Background & Motivation¶
Machine learning methods have long faced a trade-off between computational efficiency and theoretical guarantees:
- Neural networks: flexible and scalable, but with limited theoretical guarantees (existing bounds are often vacuous or rely on restrictive assumptions).
- Kernel methods: theoretically well-founded (RKHS theory, precise statistical guarantees), but poorly scalable — inference cost scales with training set size \(m\) (requiring inversion of an \(m \times m\) Gram matrix in the dual representation).
Function Encoders are a recently proposed transfer/representation learning technique that learns a set of neural network basis functions \(\{\psi_j\}_{j=1}^n\) as an explicit feature map \(\phi(x) = [\psi_1(x), \ldots, \psi_n(x)]^\top\), with inference cost depending only on the number of bases \(n\) rather than dataset size \(m\).

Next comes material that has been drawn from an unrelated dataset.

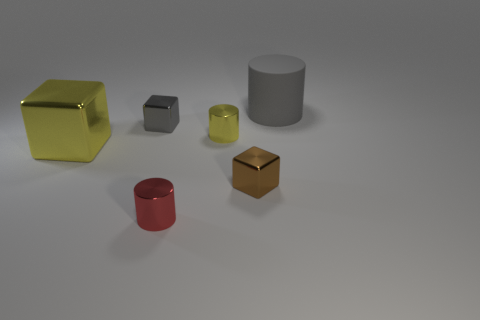Is the large object that is on the right side of the brown block made of the same material as the tiny red thing? While the large grey cylinder and the small red cylinder seem to share a similar matte finish, suggesting the possibility of being made from the same material, it's not possible to confirm material composition solely based on this image. Differences in color and size also make a definitive answer challenging without additional information.

However, their theoretical foundations remain incomplete:
- No formal connection to Hilbert space theory.
- No principled method for selecting the number of bases \(n\).

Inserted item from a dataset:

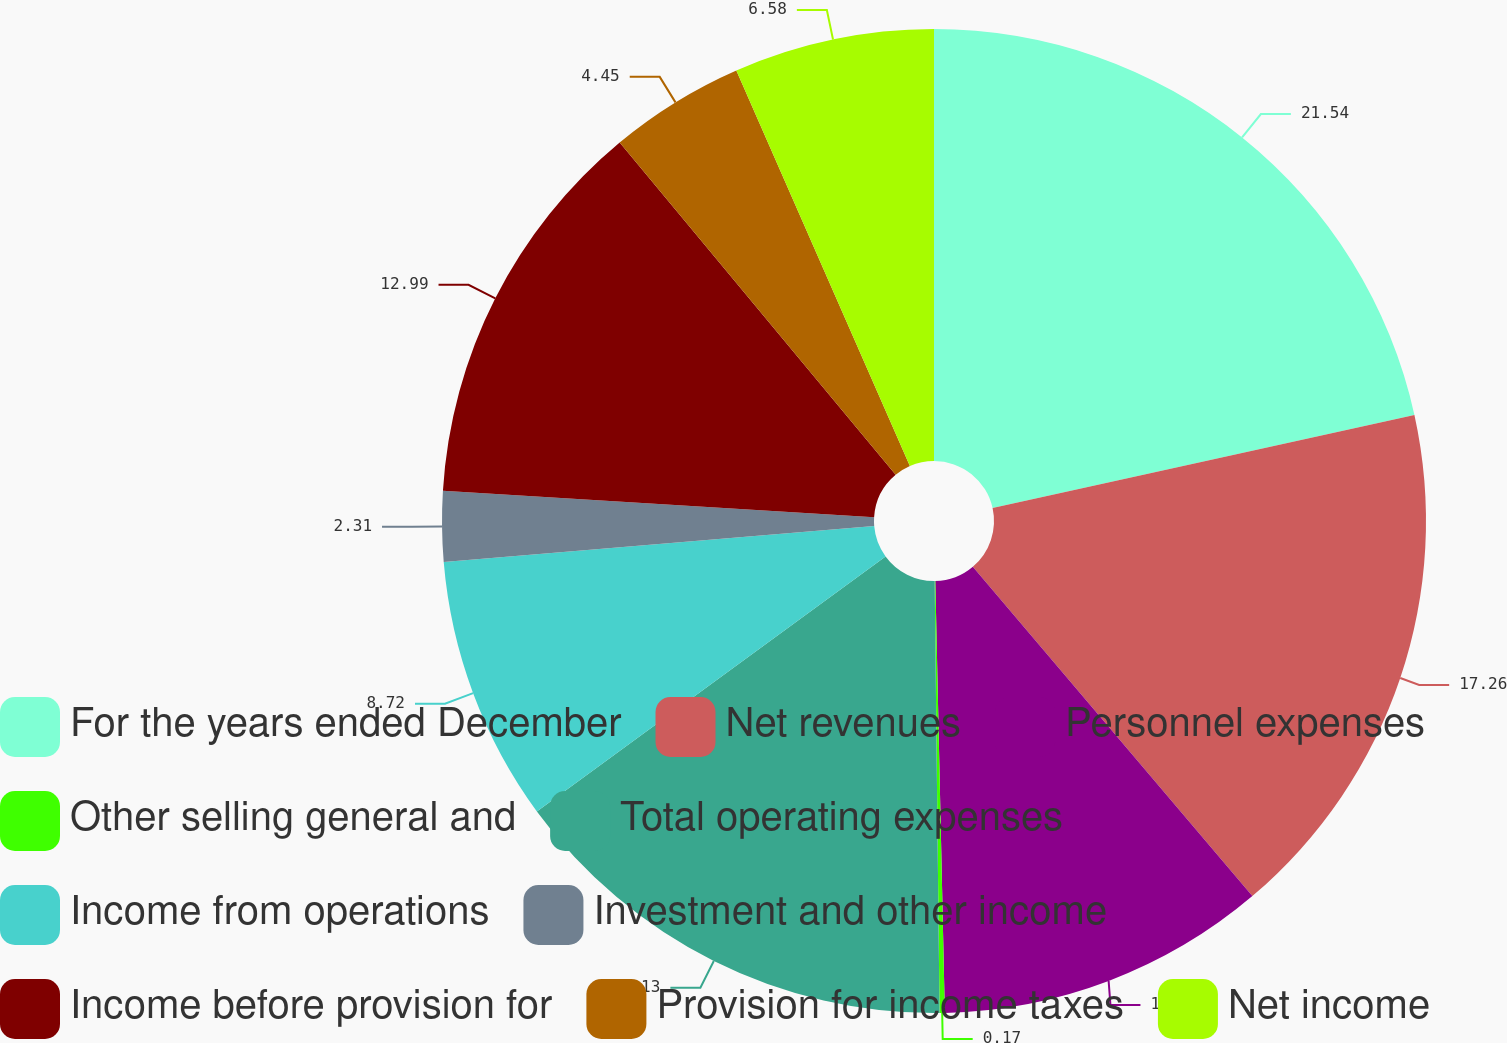<chart> <loc_0><loc_0><loc_500><loc_500><pie_chart><fcel>For the years ended December<fcel>Net revenues<fcel>Personnel expenses<fcel>Other selling general and<fcel>Total operating expenses<fcel>Income from operations<fcel>Investment and other income<fcel>Income before provision for<fcel>Provision for income taxes<fcel>Net income<nl><fcel>21.54%<fcel>17.26%<fcel>10.85%<fcel>0.17%<fcel>15.13%<fcel>8.72%<fcel>2.31%<fcel>12.99%<fcel>4.45%<fcel>6.58%<nl></chart>

- No finite-sample generalization guarantees.
This paper aims to close all three theoretical gaps.
Method¶
Overall Architecture¶
The central insight is that Function Encoders can be understood from two complementary perspectives — primal and dual:
- Primal space: provides an explicit feature map \(\phi(x)\), enabling efficient \(\mathcal{O}(n)\) linear prediction.
- Dual space: the inner product \(\langle\phi(x), \phi(x')\rangle\) corresponds to kernel evaluation, amenable to the full suite of kernel-theoretic analysis tools.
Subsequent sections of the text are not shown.